Insulin-induced EPDR1 expression is required for migration and capillary-like branching in ECs.A, images show scratch-induced migration of Eng+/+ and Eng −/− ECs. Cells were allowed to migrate for 24 h in the presence or absence of insulin. Migration distance is measured in three different ROIs. Graph indicates percentage of migrated cells relative to Eng+/+ control cells based on three independent experiments. Error bars indicate mean with SD and type 2 t test result shows ∗p< 0.0001 compared to Eng+/+ control (no treatment) or as indicated. B, images show scratch-induced migration of scramble control and sh-EPDR1_2 ECs. Cells were allowed to migrate for 16 h in the presence or absence of insulin. Migration distance is measured in three different ROIs. Graph indicates percentage of migrated cells relative to scramble (no treatment) cells based on three independent experiments.
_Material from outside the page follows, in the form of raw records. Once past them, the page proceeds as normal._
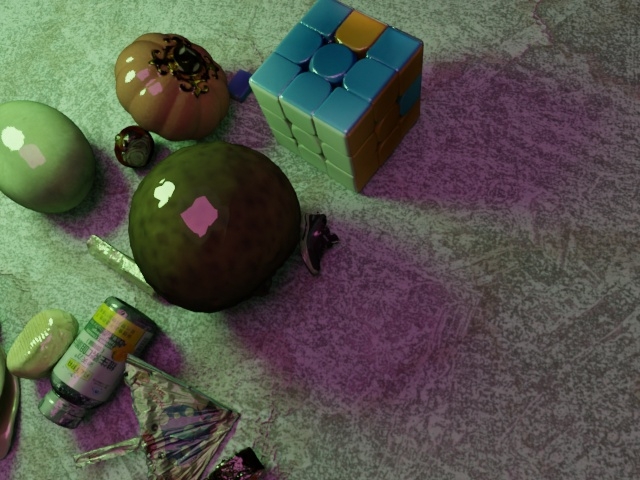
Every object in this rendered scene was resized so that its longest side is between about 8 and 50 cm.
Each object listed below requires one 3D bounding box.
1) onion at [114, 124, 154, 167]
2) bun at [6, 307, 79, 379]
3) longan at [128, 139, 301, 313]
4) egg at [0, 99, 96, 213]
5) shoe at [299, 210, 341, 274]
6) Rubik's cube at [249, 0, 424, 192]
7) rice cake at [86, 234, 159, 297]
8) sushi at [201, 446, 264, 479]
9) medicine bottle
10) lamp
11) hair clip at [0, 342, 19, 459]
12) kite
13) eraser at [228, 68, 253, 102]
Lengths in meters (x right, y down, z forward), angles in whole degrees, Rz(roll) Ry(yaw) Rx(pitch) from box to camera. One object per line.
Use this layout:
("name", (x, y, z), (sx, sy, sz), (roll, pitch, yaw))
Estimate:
("onion", (-0.514, -0.259, 1.472), (0.119, 0.118, 0.117), (35, 90, 20))
("bun", (-0.658, 0.252, 1.292), (0.164, 0.111, 0.188), (23, 75, 52))
("longan", (-0.232, -0.030, 1.203), (0.391, 0.391, 0.391), (-3, 69, 8))
("egg", (-0.747, -0.224, 1.419), (0.258, 0.258, 0.352), (-38, 68, -5))
("shoe", (0.000, 0.000, 1.310), (0.099, 0.071, 0.169), (-8, 65, 4))
("Rubik's cube", (0.052, -0.349, 1.310), (0.290, 0.291, 0.291), (33, 78, 20))
("rice cake", (-0.498, 0.064, 1.374), (0.256, 0.057, 0.052), (29, 51, 17))
("sushi", (-0.190, 0.511, 1.138), (0.150, 0.090, 0.078), (-39, 65, -4))
("medicine bottle", (-0.522, 0.285, 1.251), (0.141, 0.141, 0.293), (30, 78, 18))
("lamp", (-0.398, -0.397, 1.433), (0.305, 0.240, 0.305), (20, 54, -29))
("hair clip", (-0.819, 0.384, 1.290), (0.173, 0.113, 0.282), (-24, 63, -2))
("kite", (-0.357, 0.441, 1.188), (0.369, 0.014, 0.406), (-14, 81, -10))
("eraser", (-0.226, -0.442, 1.534), (0.063, 0.027, 0.084), (29, 76, 17))

Error bars indicate mean with SD and type 2 t test result shows ∗p< 0.00001 compared to scramble (no treatment) or as indicated. C, images show Matrigel-induced capillary-like branching in control, Eng−/−, and sh-EPDR1_2 MEECs at 16 h in the presence or absence of insulin. Graph indicates fold change in number of branches normalized to scramble (no treatment) from triplicates for each of the three independent experiments. The scale bar represents 200 μm. Error bars indicate mean with SD and type 2 t test result shows ∗p< 0.00001 compared to scramble (no treatment) or as indicated. D, a working model of how insulin activates Smad1/5 through the endoglin/ALK1/IR trimeric complex involving Src. This schematic was created with BioRender.com. EC, endothelial cell; MEEC, mouse embryonic EC; ROI, region of interest.